如何使用spacy统计某列每一行的字数?
How to use spacy to count the number of words in each row of a column?
我有一个这样的数据框:
import pandas as pd
data = [['A', '</b> A 1960\'s era\n\n<b>'], ['B', '</b> Yeah, I know.\n'], ['C', '</b> This is a cute cat\n\n<b>']]
df = pd.DataFrame(data, columns = ['id', 'text'])
>>> df
id text
0 A </b> A 1960's era\n\n<b>
1 B </b> Yeah, I know.\n
2 C </b> This is a cute cat\n\n<b>
有什么使用 spacy 来统计字数的建议吗?
理想的输出是:
data = [['A', '</b> A 1960\'s era\n\n<b>', 3], ['B', '</b> Yeah, I know.\n' , 3], ['C', '</b> This is a cute cat\n\n<b>',5]]

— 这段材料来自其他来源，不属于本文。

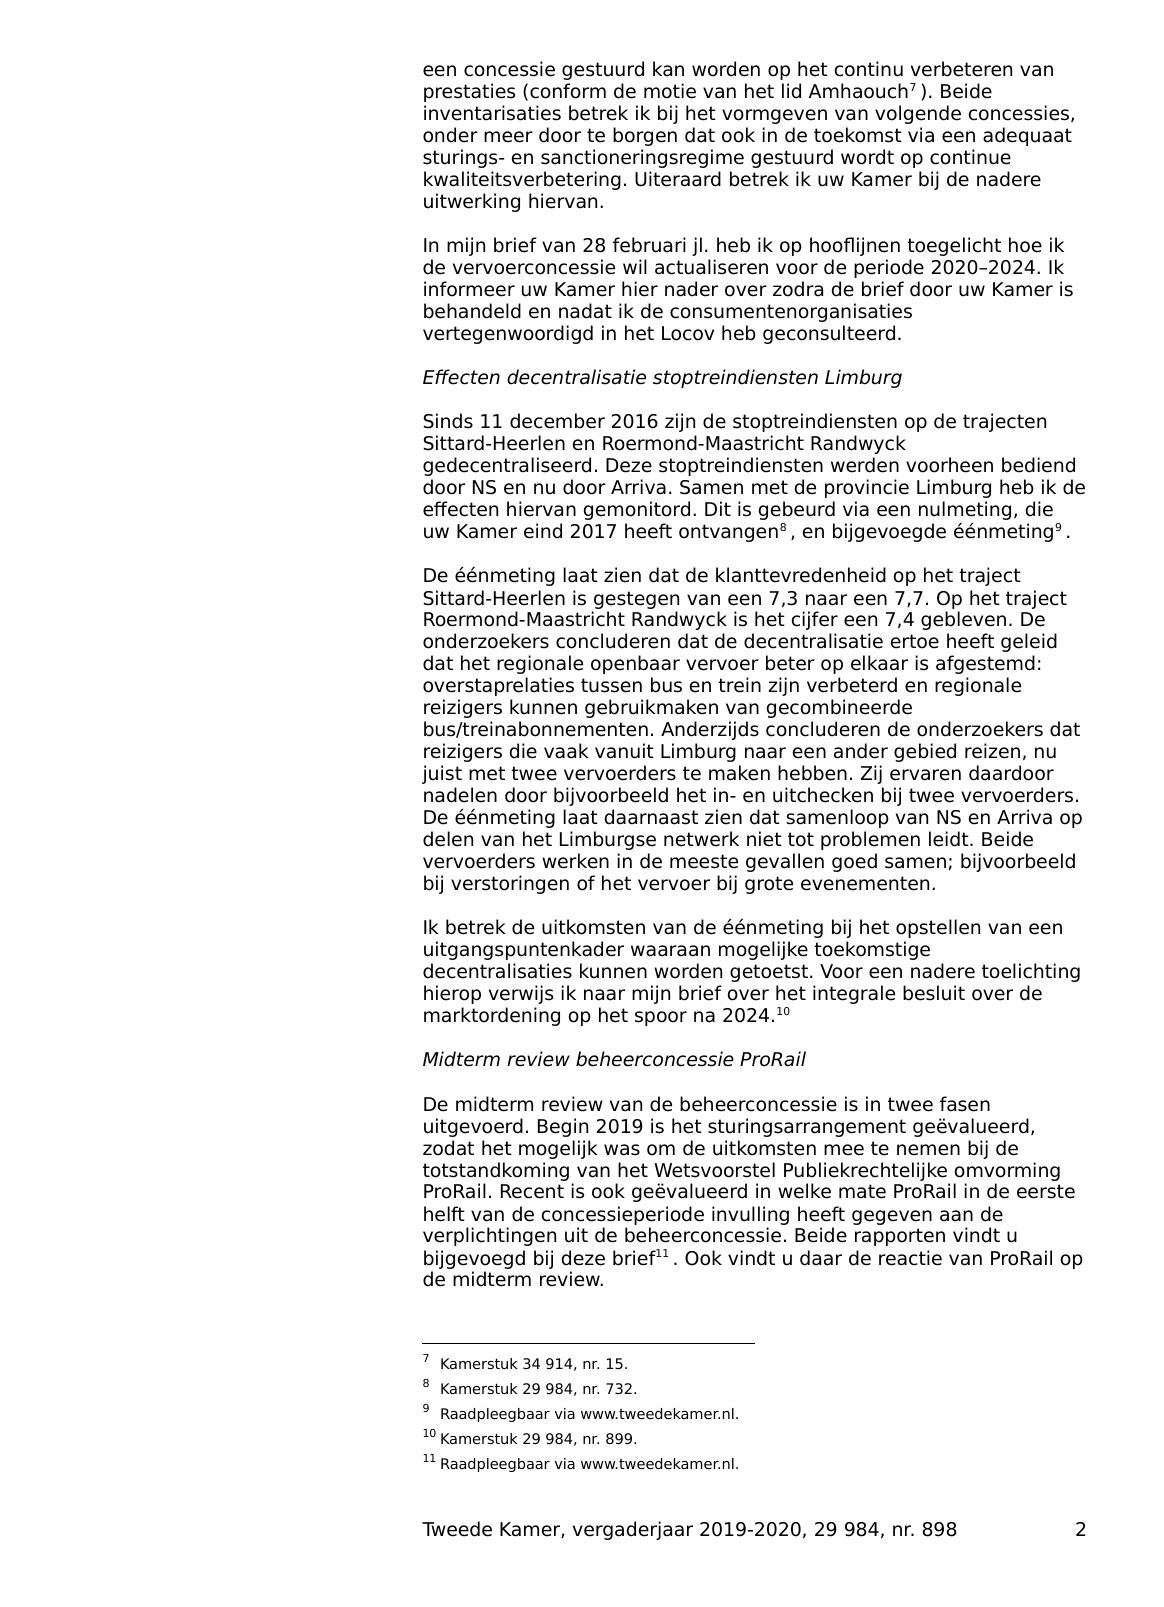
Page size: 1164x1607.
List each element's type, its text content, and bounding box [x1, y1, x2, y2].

text De éénmeting laat zien dat de klanttevredenheid op het traject Sittard-Heerlen is gestegen van een 7,3 naar een 7,7. Op het traject Roermond-Maastricht Randwyck is het cijfer een 7,4 gebleven. De onderzoekers concluderen dat de decentralisatie ertoe heeft geleid dat het regionale openbaar vervoer beter op elkaar is afgestemd: overstaprelaties tussen bus en trein zijn verbeterd en regionale reizigers kunnen gebruikmaken van gecombineerde bus/treinabonnementen. Anderzijds concluderen de onderzoekers dat reizigers die vaak vanuit Limburg naar een ander gebied reizen, nu juist met twee vervoerders te maken hebben. Zij ervaren daardoor nadelen door bijvoorbeeld het in- en uitchecken bij twee vervoerders. De éénmeting laat daarnaast zien dat samenloop van NS en Arriva op delen van het Limburgse netwerk niet tot problemen leidt. Beide vervoerders werken in de meeste gevallen goed samen; bijvoorbeeld bij verstoringen of het vervoer bij grote evenementen. [422, 565, 1087, 895]
text Kamerstuk 29 984, nr. 732. [422, 1377, 1087, 1399]
text De midterm review van de beheerconcessie is in twee fasen uitgevoerd. Begin 2019 is het sturingsarrangement geëvalueerd, zodat het mogelijk was om de uitkomsten mee te nemen bij de totstandkoming van het Wetsvoorstel Publiekrechtelijke omvorming ProRail. Recent is ook geëvalueerd in welke mate ProRail in de eerste helft van de concessieperiode invulling heeft gegeven aan de verplichtingen uit de beheerconcessie. Beide rapporten vindt u bijgevoegd bij deze brief. Ook vindt u daar de reactie van ProRail op de midterm review. [422, 1093, 1087, 1291]
text Kamerstuk 34 914, nr. 15. [422, 1352, 1087, 1374]
subtitle Midterm review beheerconcessie ProRail [422, 1049, 1087, 1071]
text Ik betrek de uitkomsten van de éénmeting bij het opstellen van een uitgangspuntenkader waaraan mogelijke toekomstige decentralisaties kunnen worden getoetst. Voor een nadere toelichting hierop verwijs ik naar mijn brief over het integrale besluit over de marktordening op het spoor na 2024. [422, 917, 1087, 1027]
text In mijn brief van 28 februari jl. heb ik op hooflijnen toegelicht hoe ik de vervoerconcessie wil actualiseren voor de periode 2020–2024. Ik informeer uw Kamer hier nader over zodra de brief door uw Kamer is behandeld en nadat ik de consumentenorganisaties vertegenwoordigd in het Locov heb geconsulteerd. [422, 235, 1087, 345]
subtitle Effecten decentralisatie stoptreindiensten Limburg [422, 367, 1087, 389]
text Kamerstuk 29 984, nr. 899. [422, 1427, 1087, 1449]
text Sinds 11 december 2016 zijn de stoptreindiensten op de trajecten Sittard-Heerlen en Roermond-Maastricht Randwyck gedecentraliseerd. Deze stoptreindiensten werden voorheen bediend door NS en nu door Arriva. Samen met de provincie Limburg heb ik de effecten hiervan gemonitord. Dit is gebeurd via een nulmeting, die uw Kamer eind 2017 heeft ontvangen, en bijgevoegde éénmeting. [422, 411, 1087, 543]
text een concessie gestuurd kan worden op het continu verbeteren van prestaties (conform de motie van het lid Amhaouch). Beide inventarisaties betrek ik bij het vormgeven van volgende concessies, onder meer door te borgen dat ook in de toekomst via een adequaat sturings- en sanctioneringsregime gestuurd wordt op continue kwaliteitsverbetering. Uiteraard betrek ik uw Kamer bij de nadere uitwerking hiervan. [422, 59, 1087, 213]
text Raadpleegbaar via www.tweedekamer.nl. [422, 1402, 1087, 1424]
text Raadpleegbaar via www.tweedekamer.nl. [422, 1452, 1087, 1474]

df = pd.DataFrame(data, columns = ['id', 'text','number_of_words'])
>>> df
id text number_of_words
0 A </b> A 1960's era\n\n<b> 3
1 B </b> Yeah, I know.\n 3
2 C </b> This is a cute cat\n\n<b> 5
不宽敞,但也许...
尝试:
df['text2'] = df['text'].str.replace(r'<[^>]*>', '', regex=True).str.strip()
df['len'] = df['text2'].str.split().str.len()
print(df)
输出:
id text text2 len
0 A </b> A 1960's era\n\n<b> A 1960's era 3
1 B </b> Yeah, I know.\n Yeah, I know. 3
2 C </b> This is a cute cat\n\n<b> This is a cute cat 5
如果您想使用 spacy 分词器,我建议您进行一些列表理解:
nlp = spacy.load('en_core_web_sm')
myvals = df['text'].values.tolist()
df['number_of_words'] = [len([i for i in nlp(re.sub('</b>|<b>', '', i2)) if not (i.is_space or i.is_punct)]) for i2 in myvals]

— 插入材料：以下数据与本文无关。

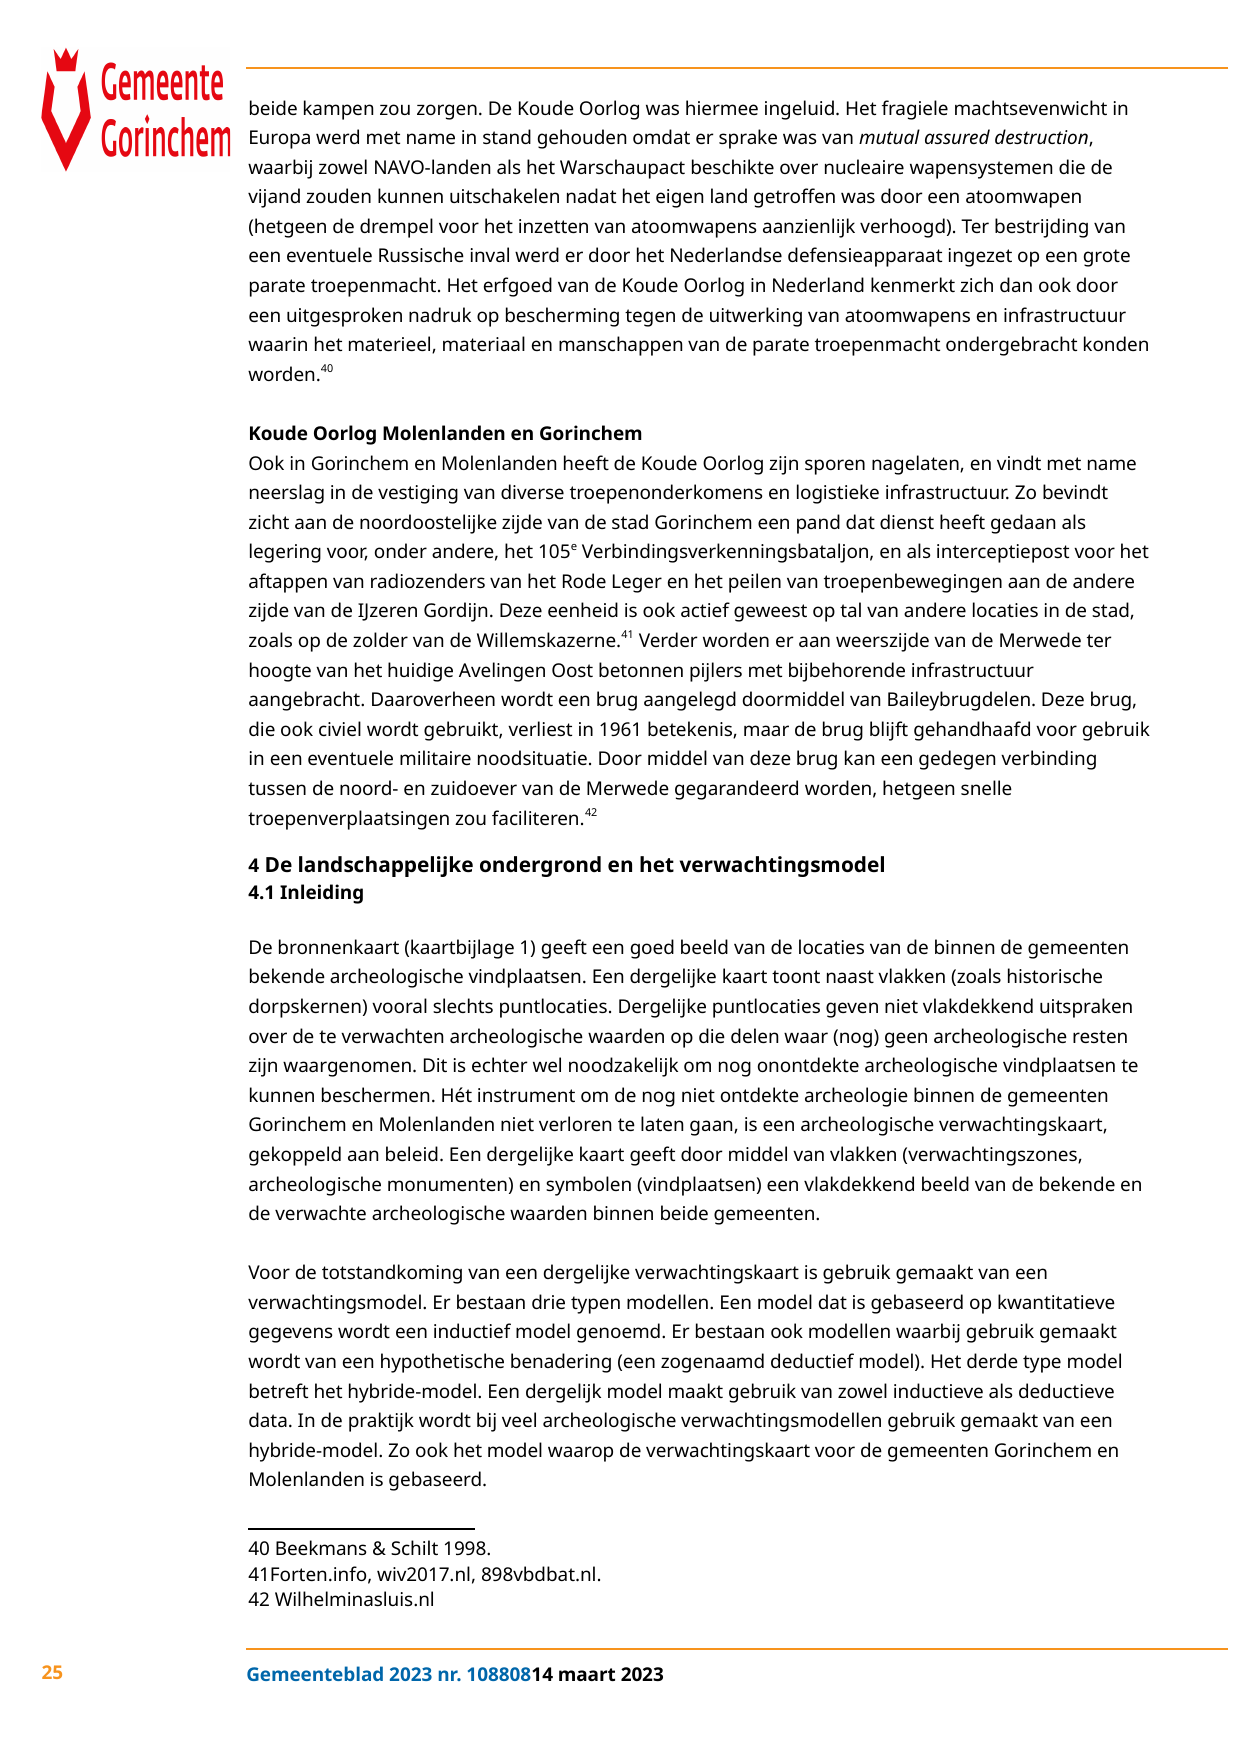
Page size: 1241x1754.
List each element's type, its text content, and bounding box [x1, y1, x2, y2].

一行基本上说:对于列表中的元素,去掉 html 标记,用 spacy 处理,如果它既不是 space 也不是标点符号,则计算标记。
输出:
id text number_of_words
0 A </b> A 1960's era\n\n<b> 4
1 B </b> Yeah, I know.\n 3
2 C </b> This is a cute cat\n\n<b> 5
但是如您所见,'1960's' 在这里被 spacy 算作两个标记。
所以,除非你使用 spacy 有很大的优势,或者你确实需要一个特定的分词器,否则通过简单地拆分 spaces 来计算单词绝对是首选的方式,就像建议的那样
@MDR
我有一个这样的数据框:
import pandas as pd
data = [['A', '</b> A 1960\'s era\n\n<b>'], ['B', '</b> Yeah, I know.\n'], ['C', '</b> This is a cute cat\n\n<b>']]
df = pd.DataFrame(data, columns = ['id', 'text'])
>>> df
id text
0 A </b> A 1960's era\n\n<b>
1 B </b> Yeah, I know.\n
2 C </b> This is a cute cat\n\n<b>
有什么使用 spacy 来统计字数的建议吗?
理想的输出是:
data = [['A', '</b> A 1960\'s era\n\n<b>', 3], ['B', '</b> Yeah, I know.\n' , 3], ['C', '</b> This is a cute cat\n\n<b>',5]]
df = pd.DataFrame(data, columns = ['id', 'text','number_of_words'])
>>> df
id text number_of_words
0 A </b> A 1960's era\n\n<b> 3
1 B </b> Yeah, I know.\n 3
2 C </b> This is a cute cat\n\n<b> 5
不宽敞,但也许...
尝试:
df['text2'] = df['text'].str.replace(r'<[^>]*>', '', regex=True).str.strip()
df['len'] = df['text2'].str.split().str.len()
print(df)
输出:
id text text2 len
0 A </b> A 1960's era\n\n<b> A 1960's era 3
1 B </b> Yeah, I know.\n Yeah, I know. 3
2 C </b> This is a cute cat\n\n<b> This is a cute cat 5
如果您想使用 spacy 分词器,我建议您进行一些列表理解:
nlp = spacy.load('en_core_web_sm')
myvals = df['text'].values.tolist()
df['number_of_words'] = [len([i for i in nlp(re.sub('</b>|<b>', '', i2)) if not (i.is_space or i.is_punct)]) for i2 in myvals]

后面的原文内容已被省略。